Edward Hearn writes:

In an effort to buttress my own understanding of multi-level methods, especially pertaining to those involving instrumental variables, I have been working the examples and the exercises in Jennifer Hill’s and your book.

I can find general answers at the Github repo for ARM examples, but for Chapter 10, Exercise 3 (simulating an IV regression to test assumptions using a binary treatment and instrument) and for the book examples, no code is given and I simply cannot figure out the solution.

My reply:

I have no homework solutions to send. But maybe some blog commenters would like to help out?

Here’s the exercise:


  1. Samuel says:

    When I’ve needed to simulate data from an IV model, I’ve had the best success by thinking about the IV model in terms of potential outcomes and principal strata. I’ll write out a.) what the principal strata are, b.) what my model for the potential outcomes within those principal strata is, and then c.) what my various assumptions say about the distribution of the principal strata and the parameters for the potential outcome models. Then I simulate the potential treatments and potential outcomes for the full sample, followed by simulating the instrument and constructing the observed data based on the instrument values.

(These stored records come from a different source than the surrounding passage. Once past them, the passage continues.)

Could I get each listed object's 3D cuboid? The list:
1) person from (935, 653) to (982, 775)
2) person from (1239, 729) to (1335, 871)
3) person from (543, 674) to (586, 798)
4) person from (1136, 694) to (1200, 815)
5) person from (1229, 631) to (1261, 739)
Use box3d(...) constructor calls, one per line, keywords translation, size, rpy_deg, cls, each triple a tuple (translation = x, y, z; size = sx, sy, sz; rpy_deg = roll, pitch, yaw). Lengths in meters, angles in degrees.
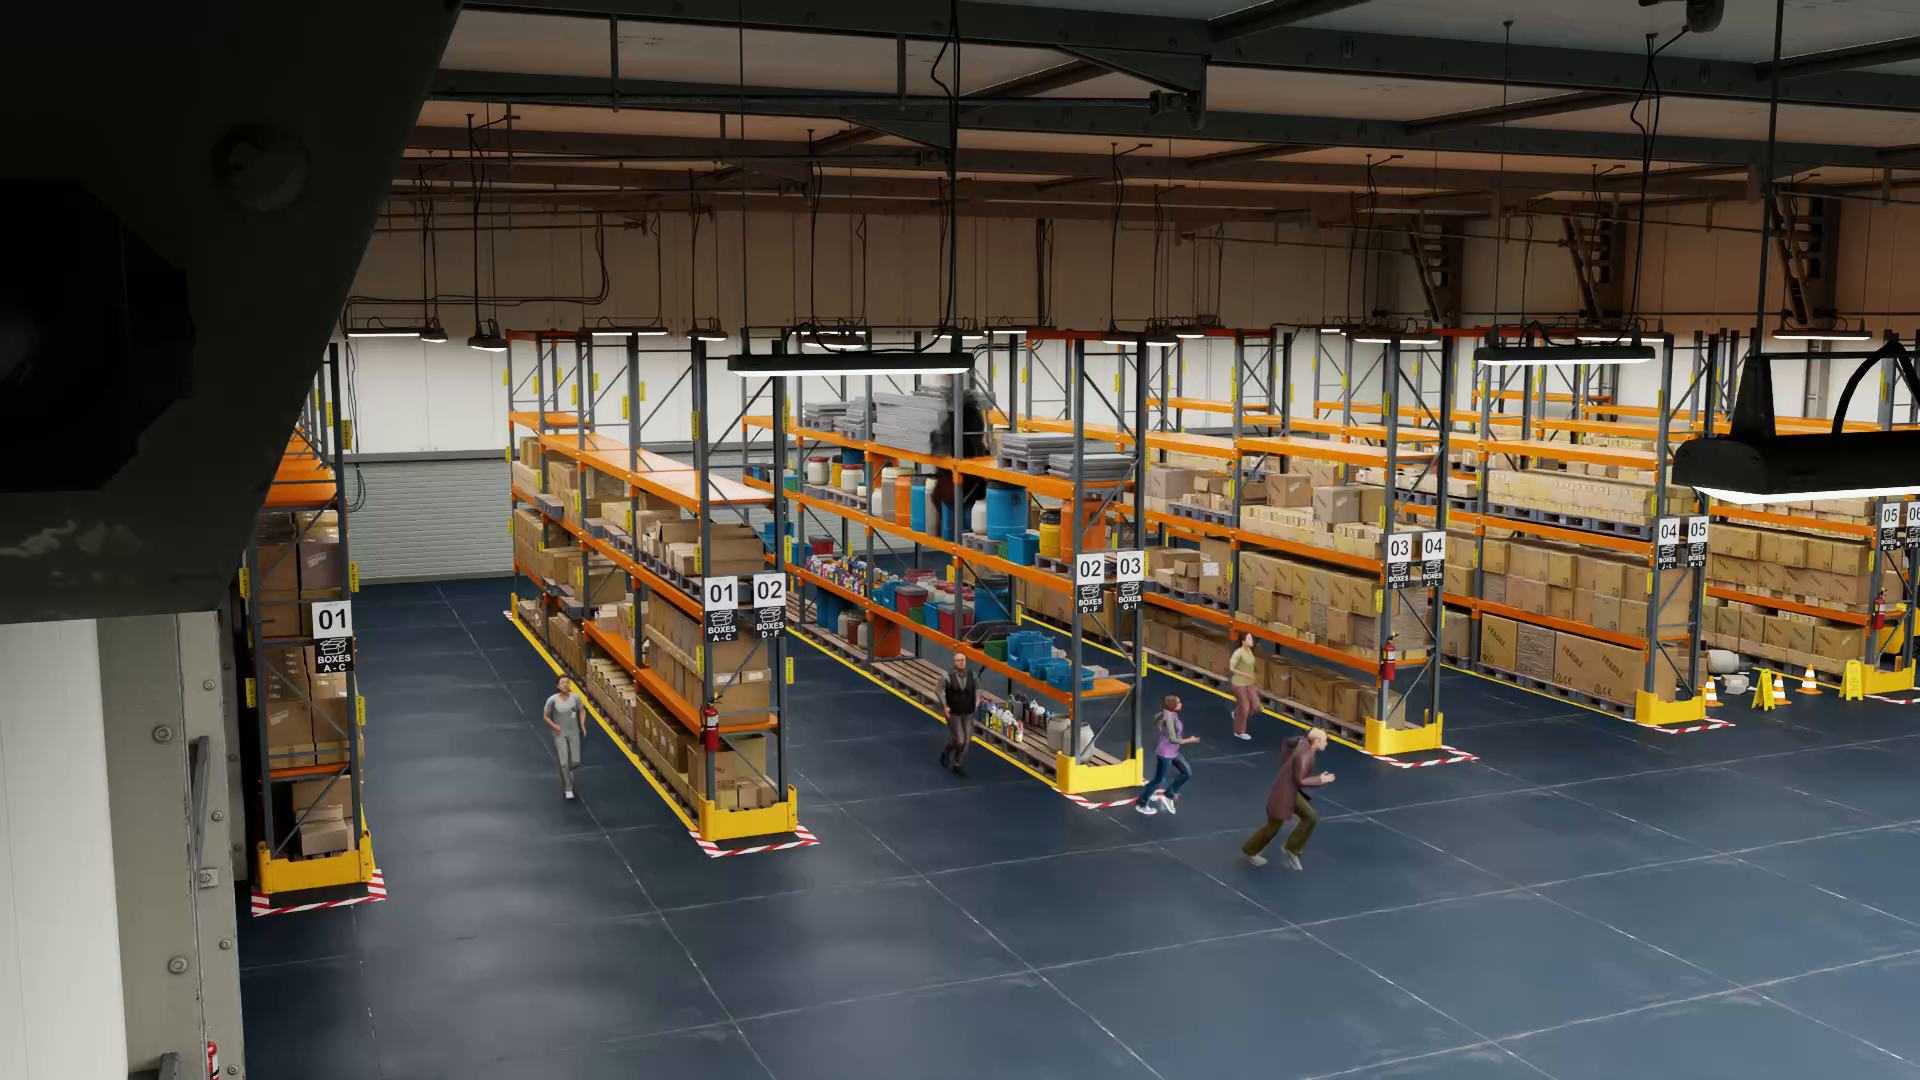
box3d(translation=(0.018, 2.395, 22.904), size=(0.651, 1.693, 0.607), rpy_deg=(-3, 8, -20), cls="person")
box3d(translation=(3.732, 2.963, 18.989), size=(1.058, 1.704, 0.748), rpy_deg=(2, 8, 15), cls="person")
box3d(translation=(-5.200, 2.564, 21.919), size=(0.565, 1.630, 0.572), rpy_deg=(-3, 8, -22), cls="person")
box3d(translation=(2.629, 2.694, 20.952), size=(0.794, 1.560, 0.546), rpy_deg=(2, 8, 15), cls="person")
box3d(translation=(4.226, 2.163, 24.795), size=(0.569, 1.642, 0.562), rpy_deg=(-8, 11, -44), cls="person")

    This is especially straightforward in the case of a binary instrument and binary treatment variable, as there are then only 4 principal strata to worry about: the well-known Compliers, Defiers, Never Takers and Always Takers. To simulate from these groups, we just need to assign class probabilities to these four principal strata. At this point, we can start adding in model assumptions in terms of how we choose these probabilities. For instance, we can make the monotonicity assumption by assigning a probability of 0 to the Defier class. Then, we can think about a model for the conditional distribution of the potential outcomes within each of these principal strata. For instance, we may model Y(1) | Complier ~ N(mu_{C1}, sigma^2_{C1}) and Y(0) | Complier ~ N(mu_{C0}, sigma^2_{C0}). This tells us that the Complier Average Causal Effect is mu_{C1} – mu_{C0}. Here again we can add in assumptions through our choice of parameters. For instance, the exclusion restriction says that the instrument has no effect on the outcome except through the treatment actually received. In other words, the distribution of Y(1) | Never Taker is the same as the distribution of Y(0) | Never Taker, and similarly for the Always Takers.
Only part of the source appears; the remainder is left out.